According to the method and the device, a blocking queue for reading thread consumption is added to the DataX, and the analyzed records from the XML file are stored in the blocking queue for reading thread consumption of the DataX by using the event stream of the SAXReader, so that the DataX can read one record on the XML file every time without loading the XML file to a memory at one time, and the record is converted into a DataX protocol. The XML is extracted by using the Xpath, so that element nodes, attribute nodes and element nodes can be conveniently extracted, and complex XML data can be processed.

Based on the foregoing embodiments, the present application provides an apparatus for reading an XML file, where the apparatus includes modules and units included in the modules, and the apparatus can be implemented by a processor in a device for reading an XML file; of course, the implementation can also be realized through a specific logic circuit; in implementation, the processor may be a Central Processing Unit (CPU), a Microprocessor (MPU), a Digital Signal Processor (DSP), a Field Programmable Gate Array (FPGA), or the like.

Fig. 5 is a schematic structural diagram of an apparatus for reading an XML document according to an embodiment of the present application, and as shown in fig. 5, the apparatus 500 includes: an obtaining module 501, a reading module 502 and a determining module 503, wherein:

the obtaining module 501 is configured to sequentially obtain, according to the sequence of the M XML records, the fields in each XML record by using N xpaths, so as to obtain N fields correspondingly, where N is an integer greater than or equal to 1;

the reading module 502 is configured to sequentially read, according to the sequence of the M XML records, the fields in each XML record by using N xpaths, so as to obtain N fields correspondingly, where N is an integer greater than or equal to 1;

the determining module 503 is configured to determine, according to the sequence of the M XML records, a line character string corresponding to the N fields read from each XML record, and convert each line character string into a character string meeting a DataX protocol, so as to be processed by a DataX write thread.

In some embodiments, the reading module further includes an assembling unit and a reading unit, where the assembling unit is configured to assemble N xpaths according to the reading requirement of the XML file; the reading unit is configured to, when the M XML records are scanned in a stream scanning manner, sequentially read the fields in each XML record by using N xpaths according to the sequence of the M XML records, and correspondingly obtain N fields.

In some embodiments, the assembly unit further includes a determination subunit and an assembly subunit, where the determination subunit is configured to determine, according to a reading requirement of the XML file, N cyclic paths and N extraction fields corresponding to the N cyclic paths one to one; and the assembling subunit is configured to assemble an Xpath according to each of the N cyclic paths and the corresponding N decimation fields, so as to obtain the N xpaths.

In some embodiments, the determining module further includes a determining unit, a first converting unit, a storing unit, an extracting unit, a serializing unit, and a second converting unit, where the determining unit is configured to determine, according to the sequence of the M XML records, N fields read from each of the XML records; the first conversion unit is used for converting each N fields into corresponding line character strings by using separators; a storing unit, configured to store the M line character strings in a first blocking queue in sequence according to a sequence of obtaining the line character strings, where the first blocking queue is a queue that supports a blocking operation; the extracting unit is configured to sequentially extract each of the line character strings from the first blocking queue when it is determined that the first blocking queue is not empty; the serialization unit is used for serializing each line character string into a byte sequence character string; the second conversion unit is used for converting each byte sequence character string into a character string meeting a DataX protocol so as to be processed by a writing thread of the DataX.

In some embodiments, the second conversion unit further comprises a conversion subunit and a storage subunit, wherein the conversion subunit is configured to convert each of the byte sequence strings into a string satisfying a DataX protocol; and the storing subunit is configured to store the character strings meeting the DataX protocol into a second blocking queue, so that the DataX write thread sequentially extracts each of the character strings meeting the DataX protocol from the second blocking queue for processing.

Here, it should be noted that: the above description of the apparatus embodiments, similar to the above description of the method embodiments, has similar beneficial effects as the method embodiments.

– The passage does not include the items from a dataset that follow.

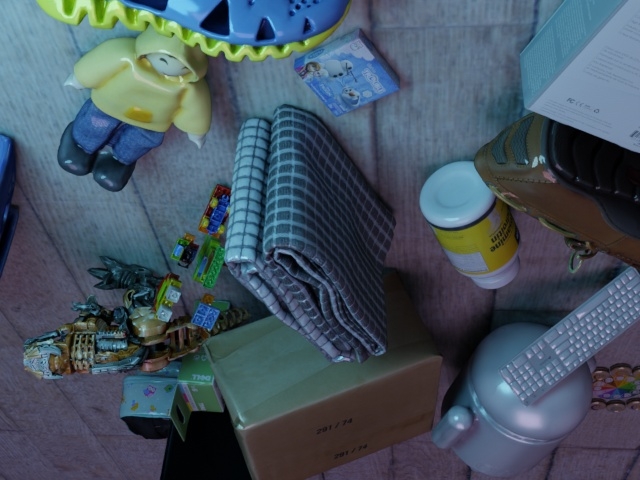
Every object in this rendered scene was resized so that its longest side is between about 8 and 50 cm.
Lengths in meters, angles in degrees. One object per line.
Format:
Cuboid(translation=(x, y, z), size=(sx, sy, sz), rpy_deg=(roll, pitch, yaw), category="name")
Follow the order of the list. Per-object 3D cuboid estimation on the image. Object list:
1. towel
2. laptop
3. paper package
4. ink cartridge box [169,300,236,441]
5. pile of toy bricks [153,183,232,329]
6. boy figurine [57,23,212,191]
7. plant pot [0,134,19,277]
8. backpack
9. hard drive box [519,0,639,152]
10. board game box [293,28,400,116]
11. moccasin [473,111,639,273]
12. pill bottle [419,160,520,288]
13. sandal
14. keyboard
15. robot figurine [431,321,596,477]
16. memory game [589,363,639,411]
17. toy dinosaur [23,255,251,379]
Cuboid(translation=(0.000, 0.000, 1.063), size=(0.121, 0.235, 0.284), rpy_deg=(-19, 138, 21), category="towel")
Cuboid(translation=(-0.162, 0.447, 1.570), size=(0.236, 0.382, 0.408), rpy_deg=(8, 144, -3), category="laptop")
Cuboid(translation=(0.009, 0.234, 1.344), size=(0.324, 0.168, 0.309), rpy_deg=(-20, 146, -11), category="paper package")
Cuboid(translation=(-0.189, 0.216, 1.400), size=(0.062, 0.209, 0.109), rpy_deg=(3, 145, 7), category="ink cartridge box")
Cuboid(translation=(-0.158, 0.021, 1.219), size=(0.118, 0.105, 0.212), rpy_deg=(22, 101, -21), category="pile of toy bricks")
Cuboid(translation=(-0.201, -0.164, 0.983), size=(0.177, 0.092, 0.285), rpy_deg=(28, 141, -25), category="boy figurine")
Cuboid(translation=(-0.539, -0.007, 1.128), size=(0.235, 0.236, 0.212), rpy_deg=(9, 151, -4), category="plant pot")
Cuboid(translation=(-0.289, 0.299, 1.575), size=(0.165, 0.144, 0.188), rpy_deg=(5, 165, 3), category="backpack")
Cuboid(translation=(0.344, -0.207, 0.855), size=(0.181, 0.089, 0.232), rpy_deg=(17, 143, -17), category="hard drive box")
Cuboid(translation=(0.031, -0.191, 0.974), size=(0.090, 0.020, 0.090), rpy_deg=(-20, 137, 29), category="board game box")
Cuboid(translation=(0.350, -0.037, 1.045), size=(0.380, 0.139, 0.147), rpy_deg=(16, 162, -31), category="moccasin")
Cuboid(translation=(0.207, -0.014, 1.126), size=(0.103, 0.103, 0.184), rpy_deg=(-12, 141, 22), category="pill bottle")
Cuboid(translation=(-0.124, -0.265, 0.811), size=(0.317, 0.126, 0.138), rpy_deg=(7, 140, -5), category="sandal")
Cuboid(translation=(0.383, 0.142, 1.254), size=(0.256, 0.014, 0.072), rpy_deg=(-38, 100, -1), category="keyboard")
Cuboid(translation=(0.326, 0.268, 1.418), size=(0.299, 0.200, 0.353), rpy_deg=(-21, 152, -23), category="robot figurine")
Cuboid(translation=(0.551, 0.276, 1.562), size=(0.186, 0.012, 0.186), rpy_deg=(3, 145, 2), category="memory game")
Cuboid(translation=(-0.275, 0.145, 1.271), size=(0.321, 0.218, 0.164), rpy_deg=(14, 102, -26), category="toy dinosaur")
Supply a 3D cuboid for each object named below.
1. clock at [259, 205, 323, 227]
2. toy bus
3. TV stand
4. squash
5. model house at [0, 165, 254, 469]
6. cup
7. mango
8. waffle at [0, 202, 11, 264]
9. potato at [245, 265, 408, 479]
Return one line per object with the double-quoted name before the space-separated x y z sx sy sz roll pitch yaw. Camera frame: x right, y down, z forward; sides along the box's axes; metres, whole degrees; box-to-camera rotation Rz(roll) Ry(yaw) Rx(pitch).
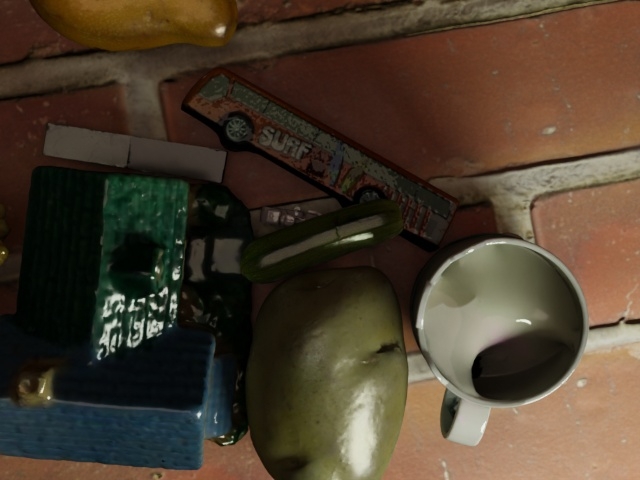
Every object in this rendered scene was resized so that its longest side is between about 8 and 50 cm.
"clock" -0.024 -0.026 1.861 0.129 0.087 0.041 11 93 7
"toy bus" -0.002 -0.111 1.851 0.408 0.093 0.092 29 85 -3
"TV stand" -0.261 -0.124 1.872 0.256 0.040 0.049 9 94 -1
"squash" 0.000 0.000 1.774 0.228 0.066 0.066 -19 93 -3
"model house" -0.254 0.101 1.735 0.334 0.342 0.382 4 93 1
"cup" 0.221 0.130 1.780 0.219 0.257 0.290 14 93 -1
"mango" -0.259 -0.344 1.823 0.294 0.120 0.177 9 90 -9
"waffle" -0.537 0.065 1.756 0.151 0.261 0.324 29 121 -24
"potato" 0.009 0.192 1.791 0.221 0.243 0.326 -1 107 5
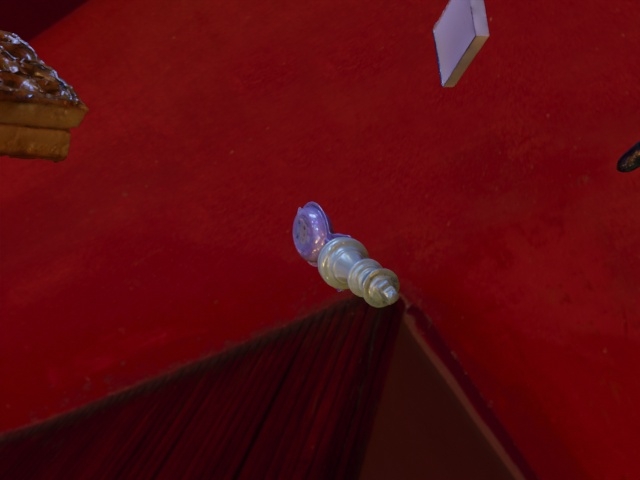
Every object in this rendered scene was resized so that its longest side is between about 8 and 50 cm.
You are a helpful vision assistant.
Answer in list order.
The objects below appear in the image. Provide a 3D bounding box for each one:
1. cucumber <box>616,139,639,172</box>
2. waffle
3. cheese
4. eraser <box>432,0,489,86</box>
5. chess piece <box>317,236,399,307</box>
[{"bbox_3d":[0.453,-0.132,0.966,0.032,0.032,0.133,39,137,-5],"label":"cucumber"},{"bbox_3d":[-0.440,-0.182,0.787,0.213,0.308,0.091,43,113,28],"label":"waffle"},{"bbox_3d":[0.000,0.000,1.156,0.042,0.191,0.105,-3,114,-28],"label":"cheese"},{"bbox_3d":[0.203,-0.306,1.050,0.023,0.150,0.103,-3,75,-10],"label":"eraser"},{"bbox_3d":[0.045,0.039,0.739,0.059,0.149,0.059,-5,105,-18],"label":"chess piece"}]
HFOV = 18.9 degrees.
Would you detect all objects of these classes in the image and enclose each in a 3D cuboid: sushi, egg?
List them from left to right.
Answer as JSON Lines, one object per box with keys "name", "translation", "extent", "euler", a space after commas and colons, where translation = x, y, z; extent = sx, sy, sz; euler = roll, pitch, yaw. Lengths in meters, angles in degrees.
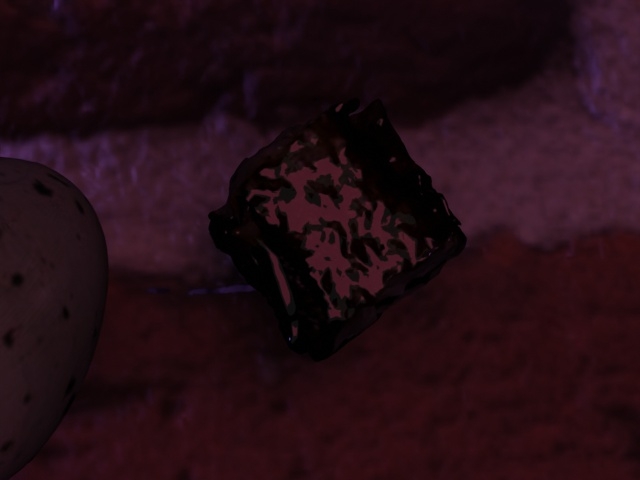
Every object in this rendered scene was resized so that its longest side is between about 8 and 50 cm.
{"name": "egg", "translation": [-0.148, 0.034, 0.737], "extent": [0.131, 0.131, 0.164], "euler": [49, 48, 3]}
{"name": "sushi", "translation": [0.001, -0.001, 0.789], "extent": [0.098, 0.094, 0.084], "euler": [-33, 83, -18]}
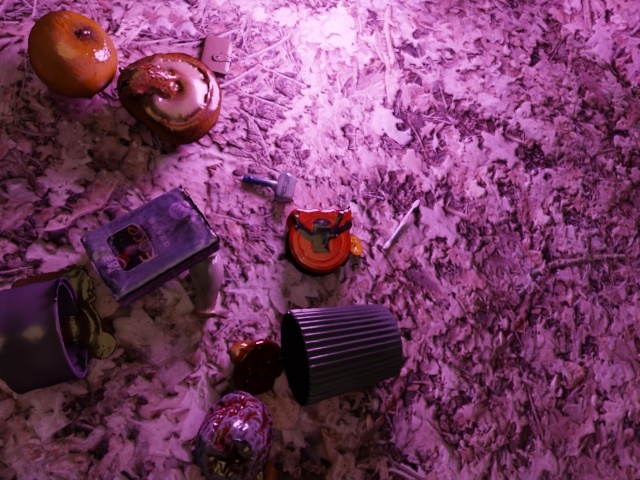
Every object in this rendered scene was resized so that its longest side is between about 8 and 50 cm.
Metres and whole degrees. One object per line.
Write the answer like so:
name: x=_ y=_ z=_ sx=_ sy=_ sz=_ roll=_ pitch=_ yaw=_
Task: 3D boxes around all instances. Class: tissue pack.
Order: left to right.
tissue pack: x=-0.532 y=0.014 z=1.428 sx=0.361 sy=0.122 sz=0.259 roll=-31 pitch=70 yaw=-18

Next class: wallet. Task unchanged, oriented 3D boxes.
wallet: x=-0.395 y=-0.702 z=1.701 sx=0.117 sy=0.039 sz=0.153 roll=9 pitch=74 yaw=-12

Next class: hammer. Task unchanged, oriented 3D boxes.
hammer: x=-0.189 y=-0.205 z=1.636 sx=0.193 sy=0.069 sz=0.116 roll=12 pitch=75 yaw=-4

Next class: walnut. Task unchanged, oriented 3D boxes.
walnut: x=-0.194 y=0.775 z=1.369 sx=0.137 sy=0.137 sz=0.245 roll=14 pitch=65 yaw=-12

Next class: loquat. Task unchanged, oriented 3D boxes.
loquat: x=-0.796 y=-0.596 z=1.450 sx=0.262 sy=0.263 sz=0.263 roll=4 pitch=76 yaw=-15

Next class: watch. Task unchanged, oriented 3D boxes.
watch: x=-0.758 y=0.231 z=1.226 sx=0.313 sy=0.327 sz=0.335 roll=-11 pitch=80 yaw=-18

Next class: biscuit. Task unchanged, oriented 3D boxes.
biscuit: x=-0.200 y=0.412 z=1.455 sx=0.192 sy=0.049 sz=0.192 roll=-9 pitch=105 yaw=-36

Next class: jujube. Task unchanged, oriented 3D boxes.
jujube: x=-0.247 y=0.571 z=1.306 sx=0.225 sy=0.317 sz=0.226 roll=0 pitch=87 yaw=-8

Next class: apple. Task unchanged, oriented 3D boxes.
apple: x=-0.258 y=0.370 z=1.471 sx=0.083 sy=0.071 sz=0.084 roll=4 pitch=77 yaw=-16

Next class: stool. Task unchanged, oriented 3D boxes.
stool: x=0.066 y=0.351 z=1.462 sx=0.329 sy=0.297 sz=0.297 roll=-6 pitch=79 yaw=-21

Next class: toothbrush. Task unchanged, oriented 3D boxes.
toothbrush: x=0.319 y=-0.062 z=1.761 sx=0.021 sy=0.027 sz=0.269 roll=27 pitch=67 yaw=29

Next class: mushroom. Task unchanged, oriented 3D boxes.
mushroom: x=-0.498 y=-0.486 z=1.503 sx=0.345 sy=0.259 sz=0.346 roll=3 pitch=77 yaw=-15
mushroom: x=-0.374 y=0.144 z=1.489 sx=0.116 sy=0.093 sz=0.225 roll=-8 pitch=89 yaw=2

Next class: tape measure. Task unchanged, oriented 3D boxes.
tape measure: x=-0.001 y=0.000 z=1.609 sx=0.253 sy=0.114 sz=0.261 roll=1 pitch=77 yaw=-15

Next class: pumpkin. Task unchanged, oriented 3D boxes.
pumpkin: x=0.128 y=0.021 z=1.686 sx=0.050 sy=0.028 sz=0.083 roll=-8 pitch=71 yaw=-16
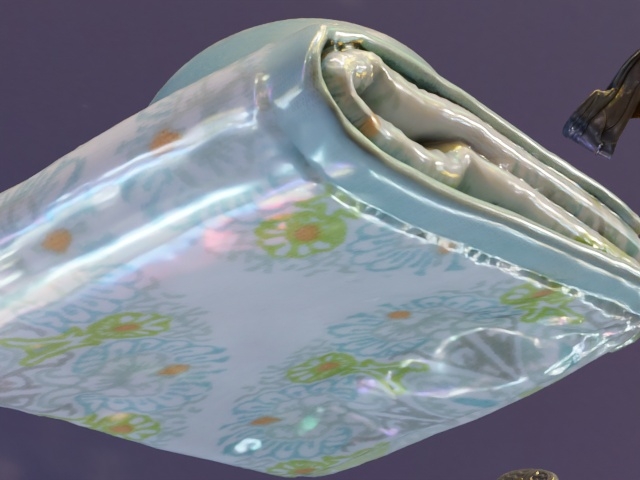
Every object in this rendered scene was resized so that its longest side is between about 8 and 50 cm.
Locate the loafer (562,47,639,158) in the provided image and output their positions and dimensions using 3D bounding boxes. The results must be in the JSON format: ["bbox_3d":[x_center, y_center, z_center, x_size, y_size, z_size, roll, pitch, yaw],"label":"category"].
[{"bbox_3d":[0.335,-0.154,1.628,0.061,0.062,0.170,42,-105,12],"label":"loafer"}]

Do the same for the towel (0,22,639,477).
[{"bbox_3d":[-0.013,0.033,0.845,0.374,0.321,0.090,26,-135,-48],"label":"towel"}]

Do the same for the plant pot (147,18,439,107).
[{"bbox_3d":[0.000,0.000,1.142,0.290,0.195,0.290,-4,-65,-9],"label":"plant pot"}]

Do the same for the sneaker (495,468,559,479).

For technical details not disclosed in the embodiments of the apparatus of the present application, reference is made to the description of the embodiments of the method of the present application for understanding.

It should be noted that, in the embodiment of the present application, if the method for reading an XML file is implemented in the form of a software functional module and is sold or used as a standalone product, the method may also be stored in a computer-readable storage medium. Based on such understanding, the technical solutions of the embodiments of the present application may be embodied in the form of a software product, which is stored in a storage medium and includes several instructions for enabling a device automatic test line including the storage medium to execute all or part of the methods described in the embodiments of the present application. And the aforementioned storage medium includes: various media capable of storing program codes, such as a usb disk, a removable hard disk, a Read Only Memory (ROM), a magnetic disk, or an optical disk.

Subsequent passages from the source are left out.